If I run this in terminal I get permission errors. So I figured I need to run it with sudo. So I started looking into creating AppleScripts to run the script, but I can't seem to find the right way to do it.

Any ideas? By the way, I'm new to scripting on the Mac, so please comment your code so I know whats happening, and so I don't just run some script code without know what it'll do. :)

Thanks

A: 

I don't have a mac handy so I can't verify if this would work.

Try running su -

Then running your script. If that works, try crontab -e

and adding an entry to run that script of yours.
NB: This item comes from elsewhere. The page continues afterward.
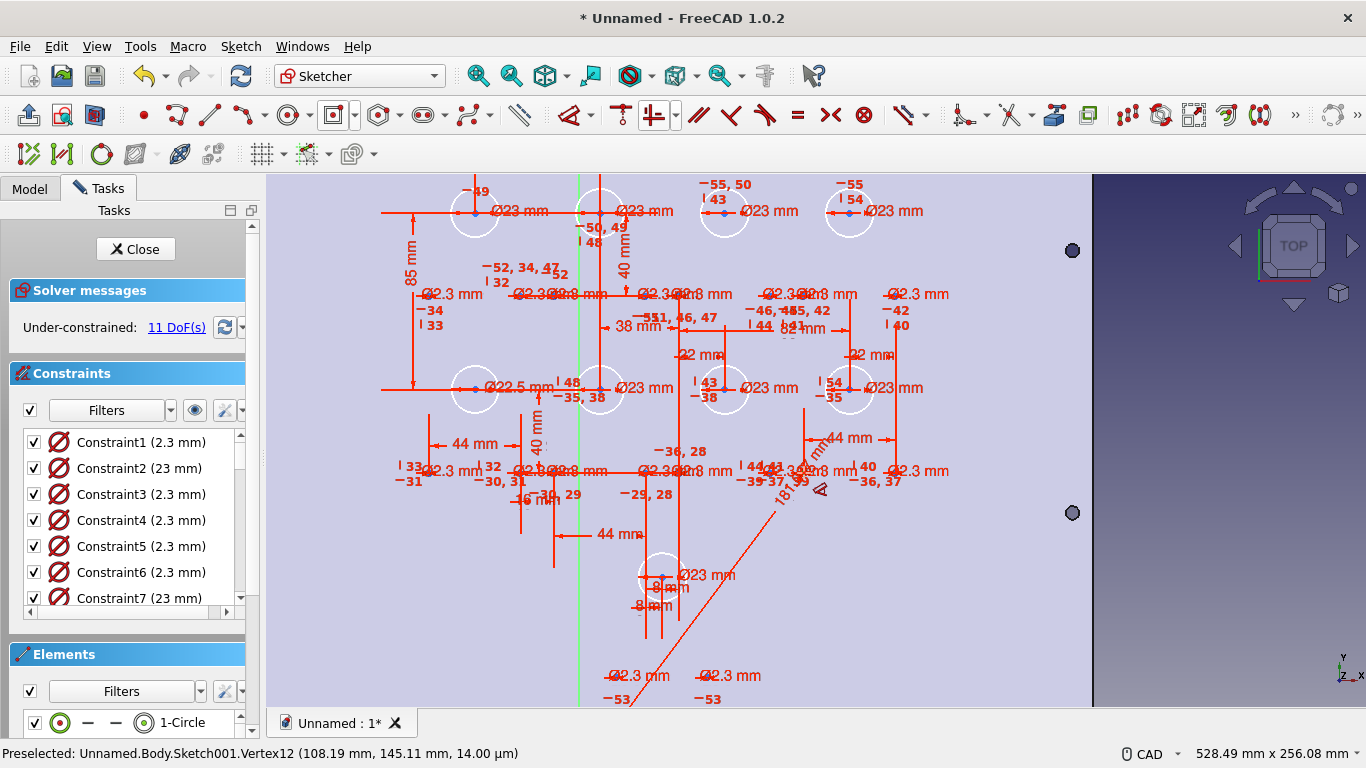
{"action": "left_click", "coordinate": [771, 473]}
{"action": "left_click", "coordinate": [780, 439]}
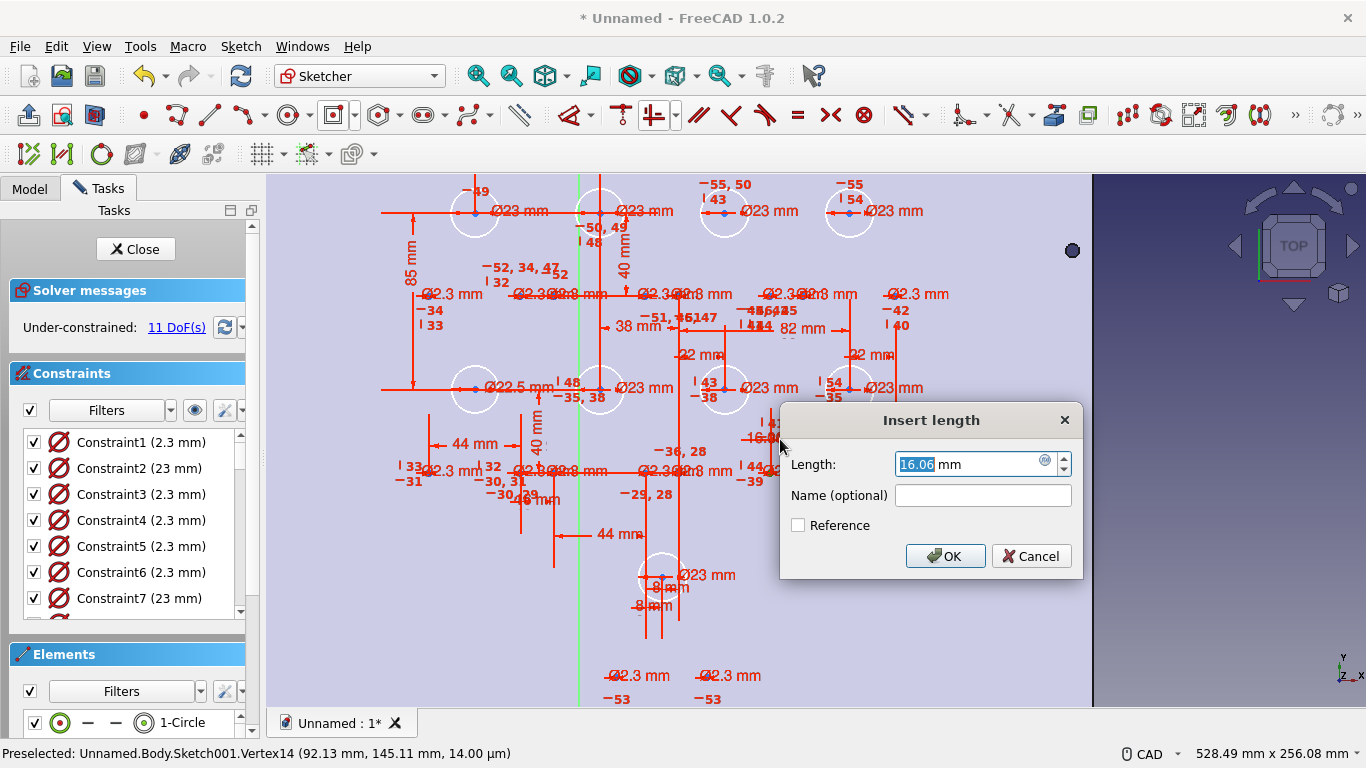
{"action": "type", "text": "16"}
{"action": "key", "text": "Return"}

Are you familiar with crontab? well if not google it if need be. But basically to run it every day at midnight you'd have something like 0 * * * * /path/to/script

See: http://en.wikipedia.org/wiki/Cron

Matt H
Could you construct your answer better? I'm not sure what "su -" is. Is that just sudo for short?
ScottN
su is short for "substitute user". It allows you to log in as root from a Terminal.
Quartz
+3  A: 

To perform a shell script with sudo or administrator privileges append with administrator privileges to the end of your do shell script line. For example:

do shell script "/path/to/script/file.sh" user name "adminusershortname" password "password" with administrator privileges

You can find more on Apple's technote dealing with do shell script

That said, saving this as a shell script and running the shell script using sudo would work just as well.

#! /bin/sh

for cuser in `/usr/bin/dscl . -list /Users AuthenticationAuthority | grep LocalCachedUser | awk '{print $1}' | tr '/n' ' '`; do
    /usr/bin/dscl . -delete /Users/$cuser
done

Save it as say removeUser.sh, use chmod to set it as executable (chmod 755) and then run it (sudo ./removeUser.sh)

Chealion
I tried running it in an apple script, but now I get a whole bunch of "delete: Invalid Path", which I assume is for each user it is attempting to delete. The AppleScript file is on the desktop. Does it need to be some other place? Do I need to give the delete command a more valid path?
ScottN
I removed the "| tr '/n' ' '" from the command as running the list command in Terminal was printing the users very weird. But now I have another problem. When I ran the AppleScript the first time and I didn't get an error, I assumed it worked. Checking the accounts list in system preferences still lists the users, so the delete didn't remove the user accounts completely from the system. But if I run the list command again, no users are printed in the Terminal window, so now the script has nothing to run. What am I doing wrong now? Is the "dscl . -delete" command do the same thing as GUI?
ScottN
Ok, They were still showing up in system preferences until I rebooted the system, then they were no longer there. I did have to manually remove the user folders. But that requires only a few clicks. I might be satisfied with this. It would be nice to remove the users folder at the same time.
ScottN
I added "" to the script and it removed the users folder at the same time. Works great, just how I wanted!
ScottN
Sorry, forgot to paste, I added "rm -rf /Users/$cuser" to the script, after dscl command.
ScottN
A: 

You can do this by editing your system's sudoers file. This will allow the account you use to run this script (via cron, etc.) the ability to run sudo without a password.

To edit the sudoers file you use visudo, but it must be run with admin permission. Try:

$ sudo visudo

Add a line like the following to the end of the file, replacing user_name with the user who will run your script. Note, use tabs between each field.

user_name    ALL=(ALL)     NOPASSWD:ALL

Now user_name should be able to type sudo and will not be prompted for a password.

Also note that visudo is a text editor that mirrors the vi editor and uses the same commands as vi.